Among the lines below, take the one holding "- car [349, 597, 431, 640]", the one holding "- car [166, 591, 215, 622]", and all lines between them. Set them down exactly.

··········

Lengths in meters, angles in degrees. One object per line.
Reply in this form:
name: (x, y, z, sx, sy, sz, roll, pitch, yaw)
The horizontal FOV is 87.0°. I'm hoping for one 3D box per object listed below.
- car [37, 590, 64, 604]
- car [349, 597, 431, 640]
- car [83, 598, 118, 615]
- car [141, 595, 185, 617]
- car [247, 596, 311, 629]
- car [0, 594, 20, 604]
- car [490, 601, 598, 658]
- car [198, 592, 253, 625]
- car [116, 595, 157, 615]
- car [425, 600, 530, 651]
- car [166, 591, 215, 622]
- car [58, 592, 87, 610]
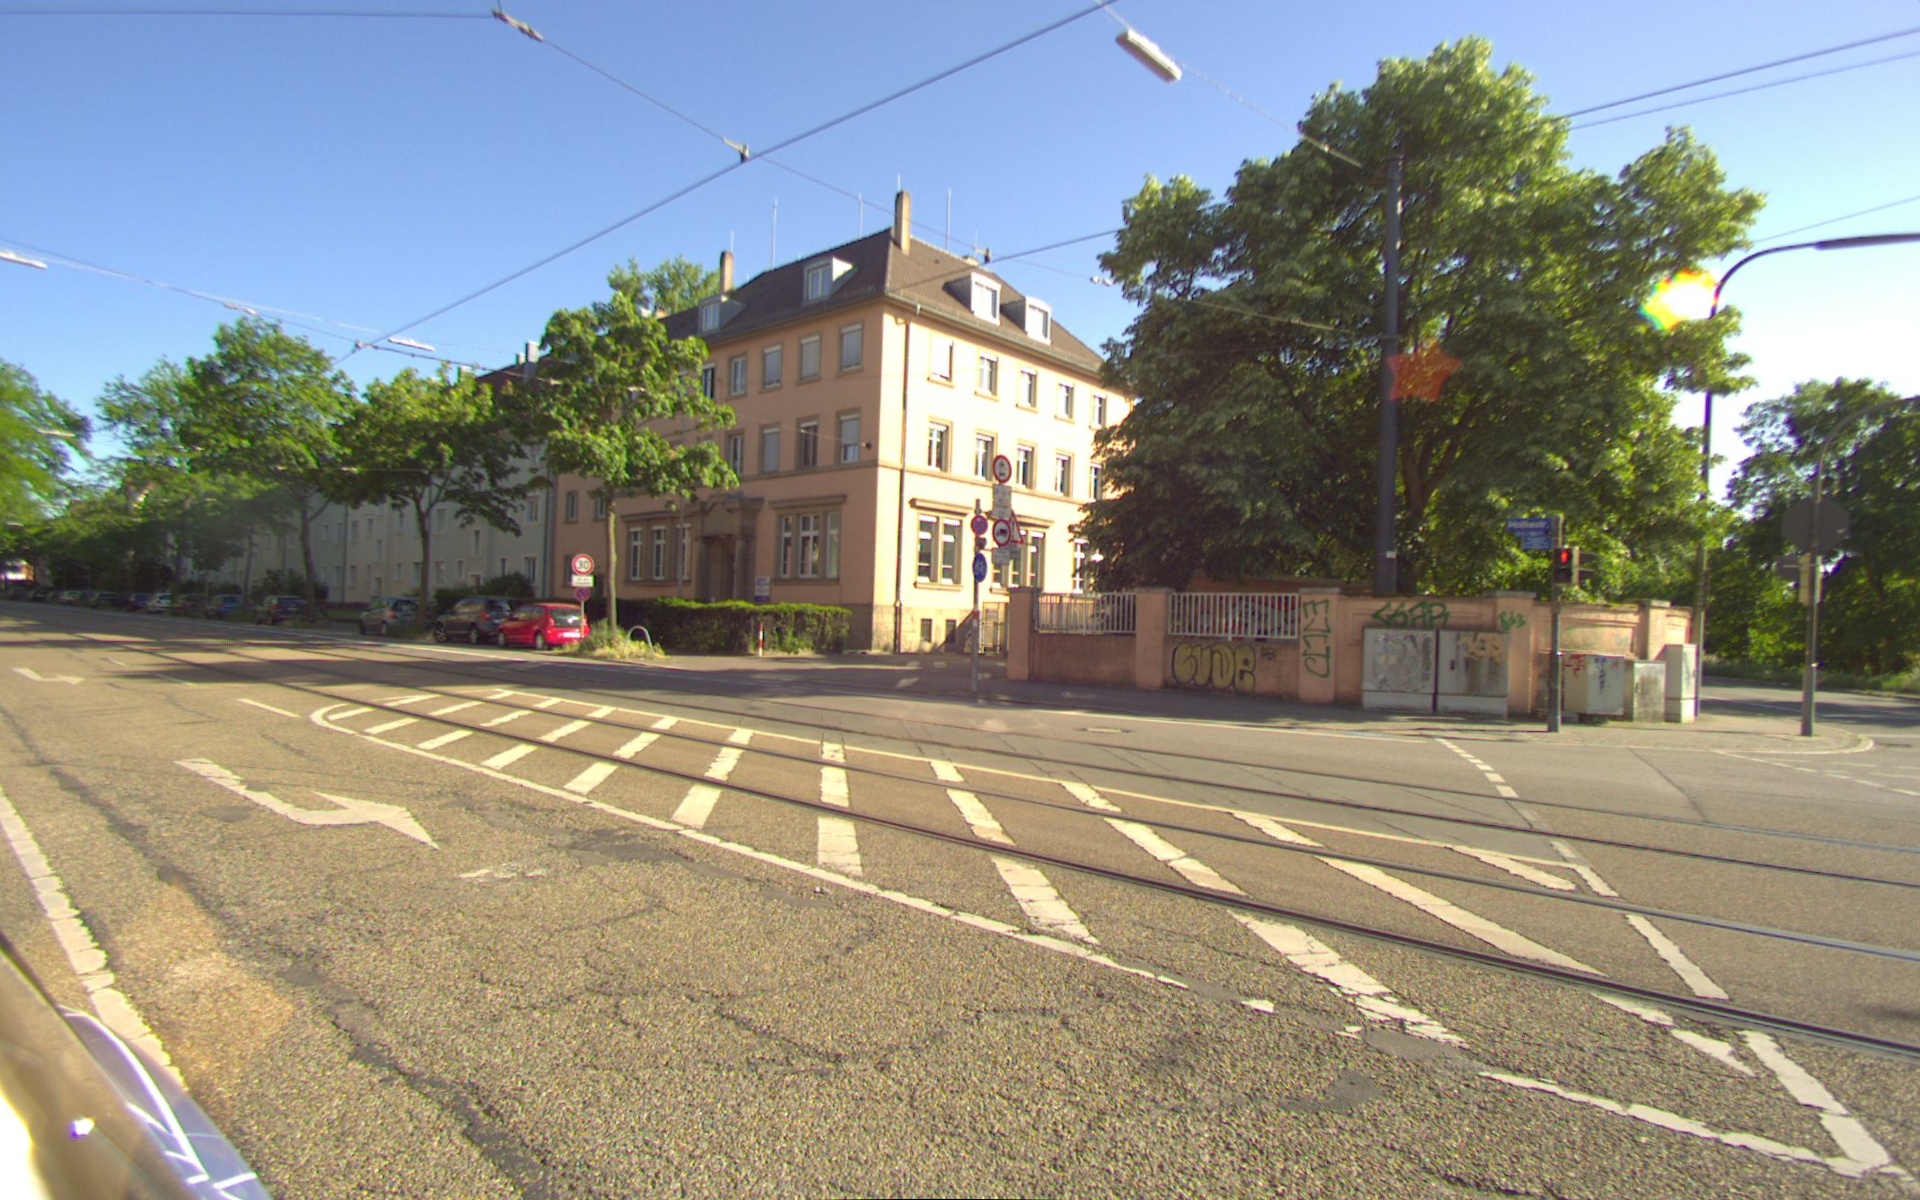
car: (-102.629, -0.314, 114.163, 3.628, 1.534, 1.792, 1, -2, 41)
car: (-23.392, 0.748, 41.510, 3.877, 1.671, 1.791, 1, -2, 43)
car: (-76.703, 0.567, 90.288, 3.628, 1.430, 1.792, 1, -2, 41)
car: (-57.591, 0.423, 73.119, 3.628, 1.430, 1.792, 1, -2, 41)
car: (-35.350, 0.632, 52.502, 3.628, 1.611, 1.792, 1, -2, 41)
car: (-135.417, -0.150, 144.185, 3.628, 1.430, 1.792, 1, -2, 41)
car: (-13.395, 0.931, 32.545, 3.371, 1.719, 1.793, 1, -2, 39)
car: (-44.013, 0.502, 60.652, 3.793, 1.839, 1.792, 1, -2, 41)
car: (-64.305, 0.373, 79.000, 3.628, 1.430, 1.792, 1, -2, 41)
car: (-16.946, 0.878, 35.505, 3.816, 1.671, 1.793, 1, -2, 39)
car: (-50.763, 0.421, 66.718, 3.628, 1.955, 1.792, 1, -2, 41)
car: (-93.640, 0.088, 106.763, 3.628, 1.792, 1.792, 1, -2, 41)

··········

## RESULT OF THE EXERCISE
- car [349, 597, 431, 640]
- car [83, 598, 118, 615]
- car [141, 595, 185, 617]
- car [247, 596, 311, 629]
- car [0, 594, 20, 604]
- car [490, 601, 598, 658]
- car [198, 592, 253, 625]
- car [116, 595, 157, 615]
- car [425, 600, 530, 651]
- car [166, 591, 215, 622]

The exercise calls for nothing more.